Something different happened at Sunday’s match between Borussia Dortmund and FSV Mainz 05. A match was played and completed, with Dortmund coming up 2-0 winners over the visitors, yes.
But there was something different. The crowded Signal Iduna Park, bursting at the seams with its usual 80,000 or so capacity crowd, and usually enormous with noise and with singing and cheering, was eerily quiet, and quieter as the match progressed. Word had gotten out — one of the Dortmund supporters in the crowd had died, of a heart attack, and the crowd, including the traveling Mainz supporters, was relatively hushed, out of respect for their fallen comrade.

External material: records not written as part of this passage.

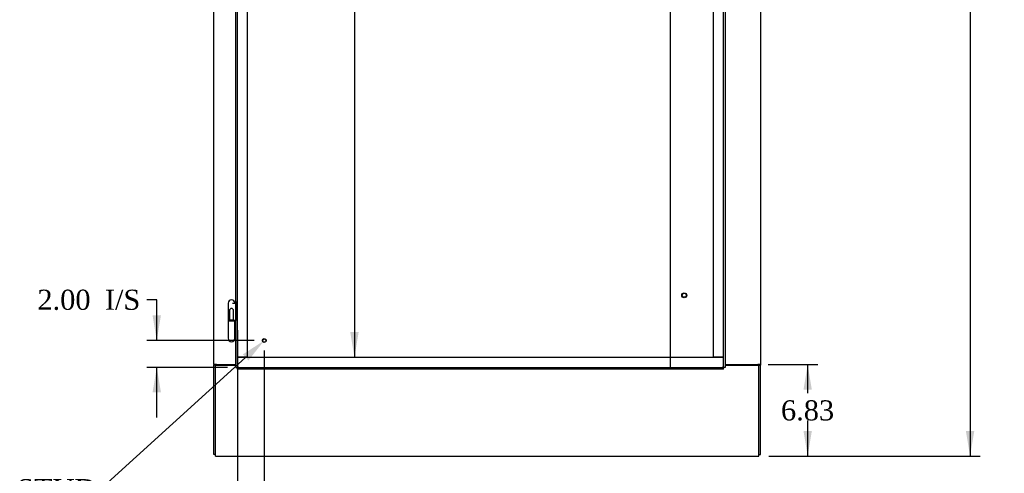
# Model space of a CAD drawing. Header units: inches. Extents: x 1 to 359, y -2 to 239.
# Tile 3 of 57: x 60 to 133, y 81 to 115. Entities that reach past the tile are written whole.
import ezdxf
from ezdxf import colors
from ezdxf.entities.mleader import LeaderData, LeaderLine
from ezdxf.enums import TextEntityAlignment as Align
from ezdxf.lldxf.tags import DXFTag
from ezdxf.math import Vec2, Vec3

# ---------------------------------------------------------------- set-up
doc = ezdxf.new("R2010")
doc.units = ezdxf.units.IN
doc.header["$MEASUREMENT"] = 0
for name, color, linetype in [('COM54273-5', 7, 'Continuous'), ('COM54274-4', 7, 'Continuous'), ('COM54275-6', 7, 'Continuous'), ('COM71137-8', 7, 'Continuous'), ('Default', 7, 'Continuous'), ('DV1_Default', 7, 'Continuous'), ('GSK11033', 7, 'Continuous'), ('HNG14563', 7, 'Continuous'), ('HNG14563B', 7, 'Continuous'), ('HNG14563MH', 7, 'Continuous'), ('STD21878', 7, 'Continuous'), ('STD26265', 7, 'Continuous')]:
    doc.layers.add(name, color=color, linetype=linetype)
doc.styles.add('SEACAD_Times_New_Roman', font='times.ttf')
tags = doc.linetypes.add('HIDDEN2', pattern=[0.1875, 0.125, -0.0625]).pattern_tags.tags
tags[6:7] = [DXFTag(74, 4), DXFTag(75, 0), DXFTag(340, '0'), DXFTag(46, 0.0), DXFTag(50, 0.0), DXFTag(44, 0.0), DXFTag(45, 0.0)]
tags[4:5] = [DXFTag(74, 4), DXFTag(75, 0), DXFTag(340, '0'), DXFTag(46, 0.0), DXFTag(50, 0.0), DXFTag(44, 0.0), DXFTag(45, 0.0)]
doc.dimstyles.new('HAMMOND_(STH_-_300x200)', dxfattribs={"dimtxt": 1.5, "dimasz": 1.875, "dimexe": 0.75, "dimexo": 0.75, "dimgap": 0.375, "dimtad": 0, "dimtih": 1, "dimtoh": 1, "dimzin": 0, "dimdsep": 46, "dimtxsty": 'SEACAD_Times_New_Roman', "dimblk1": '_SE_FILLED', "dimblk2": '_SE_FILLED', "dimsah": 1, "dimcen": 0.75, "dimadec": 0, "dimazin": 0, "dimtfac": 0.8, "dimtofl": 0, "dimtmove": 0, "dimatfit": 3, "dimfxl": 0, "dimtolj": 1, "dimtzin": 0, "dimarcsym": 0})

# ---------------------------------------------------------------- blocks, each defined once
blk = doc.blocks.new('DMBLK1108')
at = {"layer": 'Default', "linetype": 'Continuous'}
for points in [[(118.901, 87.593), (118.588, 89.468), (118.276, 87.593)], [(118.901, 84.516), (118.276, 84.516), (118.588, 82.641)]]:
    blk.add_hatch(color=7, dxfattribs=at).paths.add_polyline_path(points)
at = {"layer": 'Default', "color": 7, "linetype": 'Continuous'}
for p, q in [((115.633, 89.468), (119.338, 89.468)), ((118.588, 87.33), (118.588, 89.468)), ((118.588, 82.641), (118.588, 85.305)), ((115.693, 82.641), (119.338, 82.641))]:
    blk.add_line(p, q, dxfattribs=at)
at = {"layer": 'Default', "color": 7, "linetype": 'Continuous', "style": 'SEACAD_Times_New_Roman'}
blk.add_text('6.83', height=1.5, dxfattribs=at).set_placement((116.598, 86.805), align=Align.TOP_LEFT)
blk = doc.blocks.new('_SE_FILLED')
at = {"color": 0}
blk.add_line((0, 0), (-1, 0), dxfattribs=at)
blk.add_solid([(0, 0), (-1, -0.1665), (-1, 0.1665), (0, 0)], dxfattribs=at)
blk = doc.blocks.new('DMBLK1112')
at = {"layer": 'Default', "linetype": 'Continuous'}
for points in [[(74.193, 79.367), (76.068, 79.68), (74.193, 79.992)], [(79.943, 79.367), (79.943, 79.992), (78.068, 79.68)]]:
    blk.add_hatch(color=7, dxfattribs=at).paths.add_polyline_path(points)
at = {"layer": 'Default', "color": 7, "linetype": 'Continuous'}
for p, q in [((76.068, 92.033), (76.068, 78.93)), ((78.068, 90.516), (78.068, 78.93)), ((72.318, 79.68), (76.068, 79.68)), ((78.068, 79.68), (81.234, 79.68)), ((81.234, 79.68), (81.984, 79.68))]:
    blk.add_line(p, q, dxfattribs=at)
at = {"layer": 'Default', "color": 7, "linetype": 'Continuous', "style": 'SEACAD_Times_New_Roman'}
for s, p in [('2.00', (82.509, 80.43)), ('I/S', (87.54, 80.43))]:
    blk.add_text(s, height=1.5, dxfattribs=at).set_placement(p, align=Align.TOP_LEFT)
blk = doc.blocks.new('DMBLK1113')
at = {"layer": 'Default', "linetype": 'Continuous'}
for points in [[(69.739, 93.141), (70.052, 91.266), (70.364, 93.141)], [(69.739, 87.391), (70.364, 87.391), (70.052, 89.266)]]:
    blk.add_hatch(color=7, dxfattribs=at).paths.add_polyline_path(points)
at = {"layer": 'Default', "color": 7, "linetype": 'Continuous'}
for p, q in [((70.052, 94.31), (69.302, 94.31)), ((70.052, 91.266), (70.052, 94.31)), ((77.318, 91.266), (69.302, 91.266)), ((75.318, 89.266), (69.302, 89.266)), ((70.052, 85.516), (70.052, 89.266))]:
    blk.add_line(p, q, dxfattribs=at)
at = {"layer": 'Default', "color": 7, "linetype": 'Continuous', "style": 'SEACAD_Times_New_Roman'}
for s, p in [('2.00', (61.151, 95.06)), ('I/S', (66.182, 95.06))]:
    blk.add_text(s, height=1.5, dxfattribs=at).set_placement(p, align=Align.TOP_LEFT)
blk = doc.blocks.new('DMBLK1115')
at = {"layer": 'Default', "linetype": 'Continuous'}
for points in [[(85.105, 161.516), (84.792, 163.391), (84.48, 161.516)], [(85.105, 91.891), (84.48, 91.891), (84.792, 90.016)]]:
    blk.add_hatch(color=7, dxfattribs=at).paths.add_polyline_path(points)
at = {"layer": 'Default', "color": 7, "linetype": 'Continuous'}
for p, q in [((84.792, 163.391), (84.792, 127.979)), ((84.792, 125.954), (84.792, 90.016))]:
    blk.add_line(p, q, dxfattribs=at)
at = {"layer": 'Default', "color": 7, "linetype": 'Continuous', "style": 'SEACAD_Times_New_Roman'}
blk.add_text('73.38', height=1.5, dxfattribs=at).set_placement((82.233, 127.454), align=Align.TOP_LEFT)
blk = doc.blocks.new('DMBLK1120')
at = {"layer": 'Default', "linetype": 'Continuous'}
for points in [[(131.011, 164.891), (130.698, 166.766), (130.386, 164.891)], [(131.011, 84.516), (130.386, 84.516), (130.698, 82.641)]]:
    blk.add_hatch(color=7, dxfattribs=at).paths.add_polyline_path(points)
at = {"layer": 'Default', "color": 7, "linetype": 'Continuous'}
for p, q in [((112.866, 166.766), (131.448, 166.766)), ((130.698, 166.766), (130.698, 125.979)), ((130.698, 123.954), (130.698, 82.641)), ((115.693, 82.641), (131.448, 82.641))]:
    blk.add_line(p, q, dxfattribs=at)
at = {"layer": 'Default', "color": 7, "linetype": 'Continuous', "style": 'SEACAD_Times_New_Roman'}
blk.add_text('84.13', height=1.5, dxfattribs=at).set_placement((128.139, 125.454), align=Align.TOP_LEFT)

msp = doc.modelspace()

# ---------------------------------------------------------------- linework, layer by layer
at = {"layer": 'COM54273-5', "color": 7, "linetype": 'Continuous'}
for p, q in [((74.443, 82.826), (74.443, 89.438)), ((74.443, 89.438), (75.943, 89.438)), ((112.443, 89.438), (114.943, 89.438)), ((114.943, 82.826), (114.943, 89.438)), ((74.443, 82.641), (74.443, 82.826)), ((74.443, 82.641), (114.943, 82.641)), ((114.943, 82.641), (114.943, 82.826))]:
    msp.add_line(p, q, dxfattribs=at)
at = {"layer": 'COM54274-4', "color": 7, "linetype": 'Continuous'}
for p, q in [((115.068, 166.641), (115.068, 89.468)), ((112.443, 89.468), (114.883, 89.468)), ((115.068, 89.468), (114.883, 89.468)), ((114.943, 89.468), (114.943, 89.438)), ((114.943, 89.438), (115.068, 89.438)), ((115.068, 89.468), (115.068, 89.438)), ((115.068, 82.766), (115.068, 89.438)), ((114.943, 82.766), (115.068, 82.766))]:
    msp.add_line(p, q, dxfattribs=at)
at = {"layer": 'COM54275-6', "color": 7, "linetype": 'Continuous'}
for p, q in [((74.318, 89.468), (74.318, 166.641)), ((74.318, 89.468), (74.318, 89.438)), ((74.503, 89.468), (74.318, 89.468)), ((74.318, 82.766), (74.318, 89.438)), ((74.443, 89.438), (74.318, 89.438)), ((74.443, 89.468), (74.443, 89.438)), ((74.503, 89.468), (75.943, 89.468)), ((74.443, 82.766), (74.318, 82.766))]:
    msp.add_line(p, q, dxfattribs=at)
at = {"layer": 'COM71137-8', "color": 7, "linetype": 'Continuous'}
for p, q in [((75.943, 89.266), (75.943, 164.141)), ((112.443, 164.141), (112.443, 89.266)), ((75.943, 89.266), (76.018, 89.266)), ((76.068, 89.266), (76.018, 89.266)), ((76.114, 89.312), (76.068, 89.266)), ((76.068, 89.266), (76.068, 89.217)), ((76.068, 89.141), (76.068, 89.217)), ((112.318, 89.141), (76.068, 89.141)), ((76.127, 89.326), (76.127, 89.326)), ((76.127, 89.326), (76.128, 89.326)), ((76.128, 89.326), (76.127, 89.326)), ((76.128, 89.326), (76.128, 89.326)), ((112.258, 89.326), (112.258, 89.326)), ((112.258, 89.326), (112.258, 89.326)), ((112.258, 89.326), (112.258, 89.326)), ((112.258, 89.326), (112.258, 89.326)), ((112.268, 89.316), (112.318, 89.266)), ((112.318, 89.266), (112.367, 89.266)), ((112.318, 89.266), (112.318, 89.217)), ((112.318, 89.141), (112.318, 89.217)), ((112.443, 89.266), (112.367, 89.266))]:
    msp.add_line(p, q, dxfattribs=at)
at = {"layer": 'COM71137-8', "color": 7, "linetype": 'HIDDEN2'}
for p, q in [((76.068, 94.133), (75.943, 94.133)), ((76.068, 92.783), (75.943, 92.783)), ((112.263, 89.32), (112.268, 89.316))]:
    msp.add_line(p, q, dxfattribs=at)
at = {"layer": 'COM71137-8', "color": 7, "linetype": 'Continuous'}
for centre, start, end in [((76.782, 88.003), 116.33925, 121.16119), ((74.805, 89.98), 328.83881, 333.66075), ((111.603, 88.003), 58.83881, 63.66075), ((113.58, 89.98), 206.33925, 211.16119)]:
    msp.add_arc(centre, 1.476, start, end, dxfattribs=at)
at = {"layer": 'DV1_Default', "color": 7, "linetype": 'HIDDEN2'}
msp.add_line((108.351, 89.141), (108.351, 120.704), dxfattribs=at)
at = {"layer": 'GSK11033', "color": 7, "linetype": 'HIDDEN2'}
for p, q in [((76.068, 90.016), (76.068, 163.391)), ((76.818, 90.016), (76.818, 163.391)), ((111.568, 90.016), (111.568, 163.391)), ((112.318, 90.016), (112.318, 163.391)), ((76.068, 89.266), (76.068, 90.016)), ((76.068, 90.016), (112.318, 90.016)), ((76.818, 90.016), (76.068, 90.016)), ((112.318, 90.016), (111.568, 90.016)), ((112.318, 89.266), (112.318, 90.016)), ((76.068, 89.266), (112.318, 89.266))]:
    msp.add_line(p, q, dxfattribs=at)
at = {"layer": 'HNG14563', "color": 7, "linetype": 'Continuous'}
for p, q in [((75.373, 94.055), (75.373, 92.783)), ((75.712, 94.053), (75.943, 94.053)), ((75.878, 94.053), (75.878, 94.055)), ((75.727, 92.783), (75.943, 92.783))]:
    msp.add_line(p, q, dxfattribs=at)
at = {"layer": 'HNG14563', "color": 7, "linetype": 'HIDDEN2'}
for p, q in [((75.943, 94.053), (75.971, 94.053)), ((75.971, 94.053), (75.971, 92.783)), ((75.971, 94.053), (75.989, 94.053)), ((75.989, 94.053), (75.989, 92.783)), ((75.469, 93.501), (75.469, 92.783)), ((75.782, 92.783), (75.782, 93.501))]:
    msp.add_line(p, q, dxfattribs=at)
at = {"layer": 'HNG14563', "color": 7, "linetype": 'Continuous'}
msp.add_arc((75.626, 94.055), 0.253, 0, 180, dxfattribs=at)
at = {"layer": 'HNG14563', "color": 7, "linetype": 'HIDDEN2'}
msp.add_arc((75.626, 93.501), 0.157, 0, 180, dxfattribs=at)
at = {"layer": 'HNG14563B', "color": 7, "linetype": 'Continuous'}
for p, q in [((75.727, 92.783), (75.373, 92.783)), ((75.373, 92.783), (75.373, 92.704)), ((75.879, 92.704), (75.373, 92.704)), ((75.879, 92.704), (75.879, 92.783))]:
    msp.add_line(p, q, dxfattribs=at)
at = {"layer": 'HNG14563B', "color": 7, "linetype": 'HIDDEN2'}
for p, q in [((75.462, 92.783), (75.462, 92.704)), ((75.79, 92.704), (75.79, 92.783))]:
    msp.add_line(p, q, dxfattribs=at)
at = {"layer": 'HNG14563MH', "color": 7, "linetype": 'Continuous'}
for p, q in [((75.373, 92.704), (75.373, 91.431)), ((75.878, 91.431), (75.878, 92.704))]:
    msp.add_line(p, q, dxfattribs=at)
msp.add_arc((75.626, 91.431), 0.253, 180, 0, dxfattribs=at)
at = {"layer": 'STD21878', "color": 7, "linetype": 'HIDDEN2'}
for radius in [0.141, 0.125]:
    msp.add_circle((78.068, 91.266), radius, dxfattribs=at)
at = {"layer": 'STD26265', "color": 7, "linetype": 'HIDDEN2'}
for radius in [0.185, 0.15]:
    msp.add_circle((109.383, 94.641), radius, dxfattribs=at)

# ---------------------------------------------------------------- dimensions: what is measured, and where the dimension line sits
at = {"layer": 'Default', "color": 7, "linetype": 'Continuous'}
for base, p1, p2, angle, picture, middle, dimtype in [((130.698199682, 82.641014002), (112.115699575, 166.766014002), (114.942699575, 82.641014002), 90, 'DMBLK1120', (130.698199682, 124.703513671), 160), ((84.792017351, 163.391014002), (76.067699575, 163.391014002), (76.067699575, 90.016014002), 270, 'DMBLK1115', (84.792017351, 126.703515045), 161), ((118.588, 89.468), (74.443, 82.641), (114.883, 89.468), 90, 'DMBLK1108', (118.588, 86.055), 160)]:
    dim = msp.add_linear_dim(base=base, p1=p1, p2=p2, angle=angle, text='\\A1;<>', dimstyle='HAMMOND_(STH_-_300x200)', dxfattribs=at)
    dim.commit()
    dim.dimension.update_dxf_attribs({"geometry": picture, "text_midpoint": middle, "dimtype": dimtype})
dim = msp.add_linear_dim(base=(70.052, 91.266), p1=(76.068, 89.266), p2=(78.068, 91.266), angle=90, text='\\A1;<> I/S', dimstyle='HAMMOND_(STH_-_300x200)', override={"dimtmove": 1}, dxfattribs=at)
dim.commit()
dim.dimension.update_dxf_attribs({"geometry": 'DMBLK1113', "text_midpoint": (69.302, 94.31), "dimtype": 160})
dim = msp.add_linear_dim(base=(78.068, 79.68), p1=(76.068, 92.783), p2=(78.068, 91.266), text='\\A1;<> I/S', dimstyle='HAMMOND_(STH_-_300x200)', override={"dimtmove": 1}, dxfattribs=at)
dim.commit()
dim.dimension.update_dxf_attribs({"geometry": 'DMBLK1112', "text_midpoint": (81.984, 79.68), "dimtype": 160})

# ---------------------------------------------------------------- leaders
ml = msp.add_multileader_mtext('Standard', dxfattribs=at)
ml.set_content('{\\pxsm0.9;\\fTimes New Roman|b0||i0||c0|p34;\\W1.;GROUND STUD\\PDOOR\\P}', color=7)
ml.set_leader_properties()
ml.build(insert=Vec2(0, 0))
ml.multileader.update_dxf_attribs({"dogleg_length": 0, "arrow_head_size": 1.875})
ctx = ml.context
ctx.base_point, ctx.char_height, ctx.arrow_head_size, ctx.landing_gap_size = Vec3(49.552, 79.499), 1.5, 1.875, 0.525
ctx.text_align_type = 1
notes = []
notes.append((ctx, [(0, (1, 1, 0), (65.828, 80.159), (-1, 0), 0, [(0, [(78.068, 91.266)], 0, [])])]))
ctx.mtext.insert, ctx.mtext.alignment = Vec3(57.472, 80.925), 2
for ctx, leaders in notes:
    for number, flags, end, landing, length, lines in leaders:
        leader = LeaderData()
        leader.index, (leader.has_last_leader_line, leader.has_dogleg_vector, leader.attachment_direction) = number, flags
        leader.last_leader_point, leader.dogleg_vector, leader.dogleg_length = Vec3(end), Vec3(landing), length
        for number, points, colour, breaks in lines:
            line = LeaderLine()
            line.index, line.vertices, line.color, line.breaks = number, Vec3.list(points), colors.encode_raw_color(colour), breaks
            leader.lines.append(line)
        ctx.leaders.append(leader)

doc.saveas('drawing.dxf')

Fortunately, someone infinitely wise at Fox/Sky Sports televising the match did not cut away for a commercial immediately after the normal post-game niceties. Instead, we viewers witnessed the players on the pitch. The Dortmund players and staff exchanged hugs and handshakes with their opponents and then, with little fanfare as they became aware of what had happened in the stands, walk slowly towards the fans at the end of the stadium for their usual post-game recognition of their supporters. The fans were singing loudly, the “You’ll Never Walk Alone” pop-song-turned-anthem that signifies solidarity among supporters and their club, club scarves held aloft. The Dortmund players stood facing the stands, arms draped over each other, quiet, as the supporters sang. Biting upper lips, Neven Subotic bowing his head, Roman Bürki on the brink of tears, Pierre-Emerick Aubameyang’s 100 mile lost-in-thought stare, it was obvious that the players were reacting to the emotions of loss and solidarity,and feeling those themselves.
Clearly the players were moved, not only be the tragedy itself, but that bond between themselves and their supporters, their city, their region. Young, famous, wealthy, inordinately skilled and in the prime of their lives, these players born in Germany, Japan, Colombia, Greece, France, Armenia, Switzerland and in nations that no longer exist were part of something bigger than their fame, their skill, their money. They allowed the better angels of their natures* to embrace them, put aside their ‘specialness’ and everything else for the sake of humanity, respect, bonding. And they will all be better men for those memorable moments, shared.
*The phrase “better angels of our nature” was spoken by President Abraham Lincoln, at his first inaugural address in 1861, after several Southern states had just seceded from a Republic less than eighty years old. It was an appeal for the differing factions of the country to put aside those differences for the sake of preserving the Union and the noble experiment of republican government.
150 years later, the leading candidate of Lincoln’s Republican Party appeals daily to the opposite of our better angels. His daily spewing of bile, televised dutifully by every media entity because of its “theatrical drama,” is a constant denial of respect for the other in American life — the protester, the immigrant, the young, even the other Presidential candidates. A self-styled “strong man,” the candidate immerses himself in pro-authority declarations while his public life reflects nothing but the aggrandizement of his personal brand and a strength only purchased by extreme wealth.
Thus, the gift of witnessing the interaction between Dortmund players and supporters today was a well-needed tonic and a reminder that, amid the snarling of venomous political candidates, there truly remain better angels of our nature.